In summary, we demonstrate here the key features of the synchronization mechanism used by the central pattern generator controlling GnRH secretion in male mice. We propose a substantial departure from the existing ‘‘KNDy hypothesis’’ with glutamate as the primary transmitter generating synchronization within the network and neuropeptides as neuromodulators; dynorphin in state-dependent synchronization initiation and NKB operating to potentiate the magnitude of synchronizations (Figure 7). Kisspeptin itself does not contribute to the synchronization mechanism but is used as the exclusive output signal to the GnRH neuron.56 It is expected that an accurate definition of GnRH pulse generator operation will be beneficial to the treatment of infertility in the clinic.
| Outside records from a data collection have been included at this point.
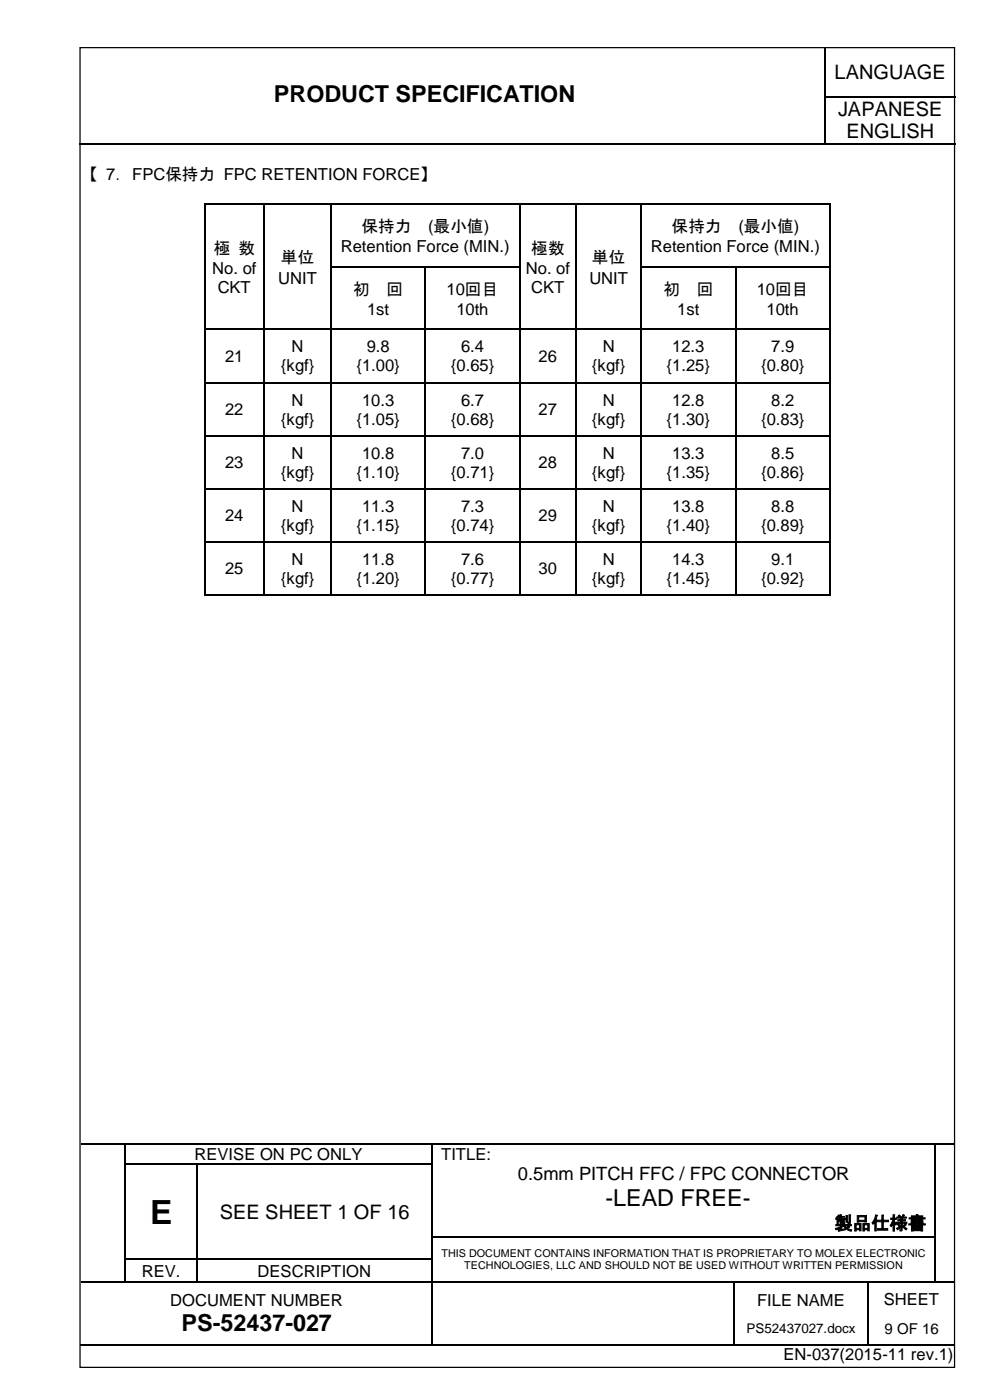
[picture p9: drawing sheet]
<svg xmlns="http://www.w3.org/2000/svg" width="210mm" height="297mm" viewBox="0 0 210 297" stroke-linecap="round" stroke-linejoin="round" font-family="sans-serif">
<defs><g id="words">
<text font-size="7.1" x="31.8" y="259.6">E</text>
<g font-size="5">
<text x="58.1" y="21.6">PRODUCT SPECIFICATION</text>
<text x="128.3" y="255.9">-LEAD FREE-</text>
<text x="38.5" y="282.4">PS-52437-027</text>
</g>
<g font-size="4.2">
<text x="176.9" y="16.7">LANGUAGE</text>
<text x="177.7" y="24.5">JAPANESE</text>
<text x="179.4" y="29.4">ENGLISH</text>
<text x="46.6" y="258.5">SEE SHEET 1 OF 16</text>
</g>
<g font-size="3.9">
<text x="109.8" y="250.4">0.5mm PITCH FFC / FPC CONNECTOR</text>
<text x="176.9" y="260.9">製品仕様書</text>
</g>
<g font-size="3.5">
<text x="17.2" y="38.1">【 7．FPC保持力 FPC RETENTION FORCE】</text>
<text x="45.3" y="53.9">極 数</text>
<text x="72.2" y="53.5">Retention Force (MIN.)</text>
<text x="76.6" y="49.2">保持力</text>
<text x="90.8" y="49.2">(最小値)</text>
<text x="112.6" y="53.9">極数</text>
<text x="138" y="53.5">Retention Force (MIN.)</text>
<text x="142.4" y="49.2">保持力</text>
<text x="156.5" y="49.2">(最小値)</text>
<text x="45" y="58.1">No. of</text>
<text x="59.6" y="55.9">単位</text>
<text x="111.5" y="58.1">No. of</text>
<text x="125.5" y="55.9">単位</text>
<text x="46.2" y="62.2">CKT</text>
<text x="59" y="60.2">UNIT</text>
<text x="74.9" y="62.5">初</text>
<text x="82" y="62.5">回</text>
<text x="94.7" y="62.5">10回目</text>
<text x="112.6" y="62.2">CKT</text>
<text x="125" y="60.2">UNIT</text>
<text x="140.7" y="62.5">初</text>
<text x="147.7" y="62.5">回</text>
<text x="160.4" y="62.5">10回目</text>
<text x="77.8" y="66.8">1st</text>
<text x="96.7" y="66.8">10th</text>
<text x="143.6" y="66.8">1st</text>
<text x="162.5" y="66.8">10th</text>
<text x="47.7" y="76.8">21</text>
<text x="61.8" y="74.7">N</text>
<text x="77.7" y="74.7">9.8</text>
<text x="97.8" y="74.7">6.4</text>
<text x="114.2" y="76.8">26</text>
<text x="127.8" y="74.7">N</text>
<text x="142.5" y="74.7">12.3</text>
<text x="163.5" y="74.7">7.9</text>
<text x="59.6" y="78.8">{kgf}</text>
<text x="75.6" y="78.8">{1.00}</text>
<text x="95.6" y="78.8">{0.65}</text>
<text x="125.5" y="78.8">{kgf}</text>
<text x="141.3" y="78.8">{1.25}</text>
<text x="161.4" y="78.8">{0.80}</text>
<text x="47.7" y="88.1">22</text>
<text x="61.8" y="86">N</text>
<text x="76.8" y="86">10.3</text>
<text x="97.8" y="86">6.7</text>
<text x="114.2" y="88.1">27</text>
<text x="127.8" y="86">N</text>
<text x="142.5" y="86">12.8</text>
<text x="163.5" y="86">8.2</text>
<text x="59.6" y="90.1">{kgf}</text>
<text x="75.6" y="90.1">{1.05}</text>
<text x="95.6" y="90.1">{0.68}</text>
<text x="125.5" y="90.1">{kgf}</text>
<text x="141.3" y="90.1">{1.30}</text>
<text x="161.4" y="90.1">{0.83}</text>
<text x="47.7" y="99.3">23</text>
<text x="59.6" y="101.4">{kgf}</text>
<text x="61.8" y="97.3">N</text>
<text x="75.6" y="101.4">{1.10}</text>
<text x="76.8" y="97.3">10.8</text>
<text x="95.6" y="101.4">{0.71}</text>
<text x="97.8" y="97.3">7.0</text>
<text x="114.2" y="99.3">28</text>
<text x="125.5" y="101.4">{kgf}</text>
<text x="127.8" y="97.3">N</text>
<text x="141.3" y="101.4">{1.35}</text>
<text x="142.5" y="97.3">13.3</text>
<text x="161.4" y="101.4">{0.86}</text>
<text x="163.5" y="97.3">8.5</text>
<text x="47.7" y="110.6">24</text>
<text x="59.6" y="112.6">{kgf}</text>
<text x="61.8" y="108.6">N</text>
<text x="75.6" y="112.6">{1.15}</text>
<text x="76.8" y="108.6">11.3</text>
<text x="95.6" y="112.6">{0.74}</text>
<text x="97.8" y="108.6">7.3</text>
<text x="114.2" y="110.6">29</text>
<text x="125.5" y="112.6">{kgf}</text>
<text x="127.8" y="108.6">N</text>
<text x="141.3" y="112.6">{1.40}</text>
<text x="142.5" y="108.6">13.8</text>
<text x="161.4" y="112.6">{0.89}</text>
<text x="163.5" y="108.6">8.8</text>
<text x="61.8" y="119.8">N</text>
<text x="76.8" y="119.8">11.8</text>
<text x="97.8" y="119.8">7.6</text>
<text x="127.8" y="119.8">N</text>
<text x="142.5" y="119.8">14.3</text>
<text x="163.5" y="119.8">9.1</text>
<text x="47.7" y="121.9">25</text>
<text x="59.6" y="123.9">{kgf}</text>
<text x="75.6" y="123.9">{1.20}</text>
<text x="95.6" y="123.9">{0.77}</text>
<text x="114.2" y="121.9">30</text>
<text x="125.5" y="123.9">{kgf}</text>
<text x="141.3" y="123.9">{1.45}</text>
<text x="161.4" y="123.9">{0.92}</text>
<text x="41.2" y="246">REVISE ON PC ONLY</text>
<text x="93.5" y="246">TITLE:</text>
<text x="30.1" y="270.8">REV.</text>
<text x="54.6" y="270.8">DESCRIPTION</text>
<text x="36.1" y="277">DOCUMENT NUMBER</text>
<text x="160.5" y="277">FILE NAME</text>
<text x="187.4" y="276.8">SHEET</text>
<text x="166.1" y="288.6">EN-037(2015-11 rev.1)</text>
</g>
<text font-size="3.2" x="187.5" y="283">9 OF 16</text>
<text font-size="2.8" x="158.3" y="282.8">PS52437027.docx</text>
<g font-size="2.3">
<text x="93.6" y="266.6">THIS DOCUMENT CONTAINS INFORMATION THAT IS PROPRIETARY TO MOLEX ELECTRONIC</text>
<text x="98.4" y="269.3">TECHNOLOGIES, LLC AND SHOULD NOT BE USED WITHOUT WRITTEN PERMISSION</text>
</g>
</g></defs>
<g fill="none" stroke="#000" stroke-width=".25">
<path d="M175 10.2v10.2M16.8 30.4h158M175 20.6v9.7M175.1 20.5h27.4M175.1 30.4h27.4M17.2 242.6h9.3M26.6 242.8v4M26.6 247.1v4.8M26.6 252.2v4.9M26.6 257.3v4.9M26.7 242.6h64.8M26.7 247h15"/>
<path d="M41.8 247.1v4.8M41.8 252.2v4.9M41.8 257.3v4.9M42 247h49.5M91.6 242.8v4M91.6 247.1v4.8M91.6 252.2v4.9M91.6 257.3v4.9M91.8 242.6h106.3M198.2 242.8v4M198.2 247.1v4.8M198.2 252.2v4.9"/>
<path d="M198.2 257.3v4.9M198.4 242.6h4M17.2 272h9.3M26.6 262.5v4.6M26.6 267.3v4.6M26.7 267.2h15M26.7 272h15M41.8 262.5v4.6M41.8 267.3v4.6M42 267.2h49.5M42 272h49.5M91.6 262.5v4.6"/>
<path d="M91.6 267.3v4.6M91.6 272.2v12.9M91.8 262.3h106.3M91.8 272h63.7M155.6 272.2v12.9M155.7 272h28.2M184 272.2v12.9M184.1 272h14M198.2 262.5v4.6M198.2 267.3v4.6M198.4 272h4M16.9 285.2h74.6"/>
<path d="M91.8 285.2h63.7M155.7 285.2h28.2M184.1 285.2h18.3"/>
</g>
<g fill="#000">
<path d="M174.8 20.4h.3v.2h-.3z" fill-rule="evenodd"/>
<path d="M174.8 30.3h.3v.3h-.3z" fill-rule="evenodd"/>
<path d="M26.5 242.5h.2v.3h-.2z" fill-rule="evenodd"/>
<path d="M26.5 246.8h.2v.3h-.2z" fill-rule="evenodd"/>
<path d="M26.5 251.9h.2v.3h-.2z" fill-rule="evenodd"/>
<path d="M26.5 257.1h.2v.2h-.2z" fill-rule="evenodd"/>
<path d="M41.7 246.8h.3v.3h-.3z" fill-rule="evenodd"/>
<path d="M41.7 251.9h.3v.3h-.3z" fill-rule="evenodd"/>
<path d="M41.7 257.1h.3v.2h-.3z" fill-rule="evenodd"/>
<path d="M91.5 242.5h.3v.3h-.3z" fill-rule="evenodd"/>
<path d="M91.5 246.8h.3v.3h-.3z" fill-rule="evenodd"/>
<path d="M91.5 251.9h.3v.3h-.3z" fill-rule="evenodd"/>
<path d="M91.5 257.1h.3v.2h-.3z" fill-rule="evenodd"/>
<path d="M198.1 242.5h.3v.3h-.3z" fill-rule="evenodd"/>
<path d="M198.1 246.8h.3v.3h-.3z" fill-rule="evenodd"/>
<path d="M198.1 251.9h.3v.3h-.3z" fill-rule="evenodd"/>
<path d="M198.1 257.1h.3v.2h-.3z" fill-rule="evenodd"/>
<path d="M26.5 262.2h.2v.3h-.2z" fill-rule="evenodd"/>
<path d="M26.5 267.1h.2v.2h-.2z" fill-rule="evenodd"/>
<path d="M26.5 271.9h.2v.3h-.2z" fill-rule="evenodd"/>
<path d="M41.7 262.2h.3v.3h-.3z" fill-rule="evenodd"/>
<path d="M41.7 267.1h.3v.2h-.3z" fill-rule="evenodd"/>
<path d="M41.7 271.9h.3v.3h-.3z" fill-rule="evenodd"/>
<path d="M91.5 262.2h.3v.3h-.3z" fill-rule="evenodd"/>
<path d="M91.5 267.1h.3v.2h-.3z" fill-rule="evenodd"/>
<path d="M91.5 271.9h.3v.3h-.3z" fill-rule="evenodd"/>
<path d="M155.5 271.9h.2v.3h-.2z" fill-rule="evenodd"/>
<path d="M183.9 271.9h.2v.3h-.2z" fill-rule="evenodd"/>
<path d="M198.1 262.2h.3v.3h-.3z" fill-rule="evenodd"/>
<path d="M198.1 267.1h.3v.2h-.3z" fill-rule="evenodd"/>
<path d="M198.1 271.9h.3v.3h-.3z" fill-rule="evenodd"/>
<path d="M91.5 285.1h.3v.3h-.3z" fill-rule="evenodd"/>
<path d="M155.5 285.1h.2v.3h-.2z" fill-rule="evenodd"/>
<path d="M183.9 285.1h.2v.3h-.2z" fill-rule="evenodd"/>
</g>
<path d="M55.6 15.8h112.4v9.7h-112.4z" fill-rule="evenodd" fill="#fff"/>
<path d="M17 10.1h185.4v280h-185.4z" fill="none" stroke="#000" stroke-width=".26"/>
<g fill="#000">
<path d="M43.2 43.2h.3v.3h-.3z" fill-rule="evenodd"/>
<path d="M43.2 43.2h.3v.3h-.3z" fill-rule="evenodd"/>
<path d="M43.2 56.5h.3v.3h-.3z" fill-rule="evenodd"/>
<path d="M55.9 43.2h.2v.3h-.2z" fill-rule="evenodd"/>
<path d="M55.9 56.5h.2v.3h-.2z" fill-rule="evenodd"/>
<path d="M70 43.2h.3v.3h-.3z" fill-rule="evenodd"/>
<path d="M70 56.5h.3v.3h-.3z" fill-rule="evenodd"/>
<path d="M90.1 56.5h.2v.3h-.2z" fill-rule="evenodd"/>
<path d="M110 43.2h.3v.3h-.3z" fill-rule="evenodd"/>
<path d="M110 56.5h.3v.3h-.3z" fill-rule="evenodd"/>
<path d="M122.1 43.2h.2v.3h-.2z" fill-rule="evenodd"/>
<path d="M122.1 56.5h.2v.3h-.2z" fill-rule="evenodd"/>
<path d="M135.8 43.2h.3v.3h-.3z" fill-rule="evenodd"/>
<path d="M135.8 56.5h.3v.3h-.3z" fill-rule="evenodd"/>
<path d="M155.8 56.5h.3v.3h-.3z" fill-rule="evenodd"/>
<path d="M175.8 43.2h.3v.3h-.3z" fill-rule="evenodd"/>
<path d="M175.8 43.2h.3v.3h-.3z" fill-rule="evenodd"/>
<path d="M175.8 56.5h.3v.3h-.3z" fill-rule="evenodd"/>
<path d="M43.2 69.8h.3v.2h-.3z" fill-rule="evenodd"/>
<path d="M55.9 69.8h.2v.2h-.2z" fill-rule="evenodd"/>
<path d="M70 69.8h.3v.2h-.3z" fill-rule="evenodd"/>
<path d="M90.1 69.8h.2v.2h-.2z" fill-rule="evenodd"/>
<path d="M110 69.8h.3v.2h-.3z" fill-rule="evenodd"/>
<path d="M122.1 69.8h.2v.2h-.2z" fill-rule="evenodd"/>
<path d="M135.8 69.8h.3v.2h-.3z" fill-rule="evenodd"/>
<path d="M155.8 69.8h.3v.2h-.3z" fill-rule="evenodd"/>
<path d="M175.8 69.8h.3v.2h-.3z" fill-rule="evenodd"/>
<path d="M43.2 81h.3v.3h-.3z" fill-rule="evenodd"/>
<path d="M43.2 92.3h.3v.3h-.3z" fill-rule="evenodd"/>
<path d="M55.9 81h.2v.3h-.2z" fill-rule="evenodd"/>
<path d="M55.9 92.3h.2v.3h-.2z" fill-rule="evenodd"/>
<path d="M70 81h.3v.3h-.3z" fill-rule="evenodd"/>
<path d="M70 92.3h.3v.3h-.3z" fill-rule="evenodd"/>
<path d="M90.1 81h.2v.3h-.2z" fill-rule="evenodd"/>
<path d="M90.1 92.3h.2v.3h-.2z" fill-rule="evenodd"/>
<path d="M110 81h.3v.3h-.3z" fill-rule="evenodd"/>
<path d="M110 92.3h.3v.3h-.3z" fill-rule="evenodd"/>
<path d="M122.1 81h.2v.3h-.2z" fill-rule="evenodd"/>
<path d="M122.1 92.3h.2v.3h-.2z" fill-rule="evenodd"/>
<path d="M135.8 81h.3v.3h-.3z" fill-rule="evenodd"/>
<path d="M135.8 92.3h.3v.3h-.3z" fill-rule="evenodd"/>
<path d="M155.8 81h.3v.3h-.3z" fill-rule="evenodd"/>
<path d="M155.8 92.3h.3v.3h-.3z" fill-rule="evenodd"/>
<path d="M175.8 81h.3v.3h-.3z" fill-rule="evenodd"/>
<path d="M175.8 92.3h.3v.3h-.3z" fill-rule="evenodd"/>
<path d="M43.2 103.6h.3v.3h-.3z" fill-rule="evenodd"/>
<path d="M43.2 114.9h.3v.2h-.3z" fill-rule="evenodd"/>
<path d="M55.9 103.6h.2v.3h-.2z" fill-rule="evenodd"/>
<path d="M55.9 114.9h.2v.2h-.2z" fill-rule="evenodd"/>
<path d="M70 103.6h.3v.3h-.3z" fill-rule="evenodd"/>
<path d="M70 114.9h.3v.2h-.3z" fill-rule="evenodd"/>
<path d="M90.1 103.6h.2v.3h-.2z" fill-rule="evenodd"/>
<path d="M90.1 114.9h.2v.2h-.2z" fill-rule="evenodd"/>
<path d="M110 103.6h.3v.3h-.3z" fill-rule="evenodd"/>
<path d="M110 114.9h.3v.2h-.3z" fill-rule="evenodd"/>
<path d="M122.1 103.6h.2v.3h-.2z" fill-rule="evenodd"/>
<path d="M122.1 114.9h.2v.2h-.2z" fill-rule="evenodd"/>
<path d="M135.8 103.6h.3v.3h-.3z" fill-rule="evenodd"/>
<path d="M135.8 114.9h.3v.2h-.3z" fill-rule="evenodd"/>
<path d="M155.8 103.6h.3v.3h-.3z" fill-rule="evenodd"/>
<path d="M155.8 114.9h.3v.2h-.3z" fill-rule="evenodd"/>
<path d="M175.8 103.6h.3v.3h-.3z" fill-rule="evenodd"/>
<path d="M175.8 114.9h.3v.2h-.3z" fill-rule="evenodd"/>
<path d="M43.2 126.2h.3v.2h-.3z" fill-rule="evenodd"/>
<path d="M43.2 126.2h.3v.2h-.3z" fill-rule="evenodd"/>
<path d="M55.9 126.2h.2v.2h-.2z" fill-rule="evenodd"/>
<path d="M70 126.2h.3v.2h-.3z" fill-rule="evenodd"/>
<path d="M90.1 126.2h.2v.2h-.2z" fill-rule="evenodd"/>
<path d="M110 126.2h.3v.2h-.3z" fill-rule="evenodd"/>
<path d="M122.1 126.2h.2v.2h-.2z" fill-rule="evenodd"/>
<path d="M135.8 126.2h.3v.2h-.3z" fill-rule="evenodd"/>
<path d="M155.8 126.2h.3v.2h-.3z" fill-rule="evenodd"/>
<path d="M175.8 126.2h.3v.2h-.3z" fill-rule="evenodd"/>
<path d="M175.8 126.2h.3v.2h-.3z" fill-rule="evenodd"/>
</g>
<g fill="none" stroke="#000" stroke-width=".25">
<path d="M43.4 43.5v13M43.4 56.8v13M43.5 43.4h12.4M56 43.5v13M56 56.8v13M56.1 43.4h13.9M70.2 43.5v13M70.2 56.8v13M70.3 43.4h39.7M70.3 56.6h19.8M90.2 56.8v13M90.3 56.6h19.8"/>
<path d="M110.2 43.5v13M110.2 56.8v13M110.3 43.4h11.8M122.2 43.5v13M122.2 56.8v13M122.3 43.4h13.5M136 43.5v13M136 56.8v13M136.1 43.4h39.7M136.1 56.6h19.7M155.9 56.8v13M156.1 56.6h19.7"/>
<path d="M176 43.5v13M176 56.8v13M43.4 70v11M43.5 69.9h12.4M56 70v11M56.1 69.9h13.9M70.2 70v11M70.3 69.9h19.8M90.2 70v11M90.3 69.9h19.8M110.2 70v11M110.3 69.9h11.8"/>
<path d="M122.2 70v11M122.3 69.9h13.5M136 70v11M136.1 69.9h19.7M155.9 70v11M156.1 69.9h19.7M176 70v11M43.4 81.3v11M43.4 92.6v11M43.5 81.2h12.4M43.5 92.5h12.4M56 81.3v11"/>
<path d="M56 92.6v11M56.1 81.2h13.9M56.1 92.5h13.9M70.2 81.3v11M70.2 92.6v11M70.3 81.2h19.8M70.3 92.5h19.8M90.2 81.3v11M90.2 92.6v11M90.3 81.2h19.8M90.3 92.5h19.8M110.2 81.3v11"/>
<path d="M110.2 92.6v11M110.3 81.2h11.8M110.3 92.5h11.8M122.2 81.3v11M122.2 92.6v11M122.3 81.2h13.5M122.3 92.5h13.5M136 81.3v11M136 92.6v11M136.1 81.2h19.7M136.1 92.5h19.7M155.9 81.3v11"/>
<path d="M155.9 92.6v11M156.1 81.2h19.7M156.1 92.5h19.7M176 81.3v11M176 92.6v11M43.4 103.9v11M43.4 115.1v11.1M43.5 103.7h12.4M43.5 115h12.4M56 103.9v11M56 115.1v11.1M56.1 103.7h13.9"/>
<path d="M56.1 115h13.9M70.2 103.9v11M70.2 115.1v11.1M70.3 103.7h19.8M70.3 115h19.8M90.2 103.9v11M90.2 115.1v11.1M90.3 103.7h19.8M90.3 115h19.8M110.2 103.9v11M110.2 115.1v11.1M110.3 103.7h11.8"/>
<path d="M110.3 115h11.8M122.2 103.9v11M122.2 115.1v11.1M122.3 103.7h13.5M122.3 115h13.5M136 103.9v11M136 115.1v11.1M136.1 103.7h19.7M136.1 115h19.7M155.9 103.9v11M155.9 115.1v11.1M156.1 103.7h19.7"/>
<path d="M156.1 115h19.7M176 103.9v11M176 115.1v11.1M43.5 126.3h12.4M56.1 126.3h13.9M70.3 126.3h19.8M90.3 126.3h19.8M110.3 126.3h11.8M122.3 126.3h13.5M136.1 126.3h19.7M156.1 126.3h19.7"/>
</g>
<use href="#words"/>
</svg>

Figure 7. ‘‘Glutamate two-transition’’ model for ARNKISS neuron synchronization Stochastic, glutamate-dependent coupling between overlapping small groups of ARNKISS neurons (different colors) generates ongoing miniature synchronization episodes (mSEs). The first transition involves the emergence of a widespread population synchronization event (SE, pink) through exponential glutamate-driven self-excitation. The efficiency of this transition is modulated by dynorphin-kappa opioid tone within the network and also afferent inputs to the pulse generator that regulate its frequency of activity. The second transition involves the potentiation of already established synchronous activity by NKB increasing both the number of ARNKISS neurons involved in an SE and their individual levels of excitation. Intrinsic mechanisms are then likely involved in synchronization termination.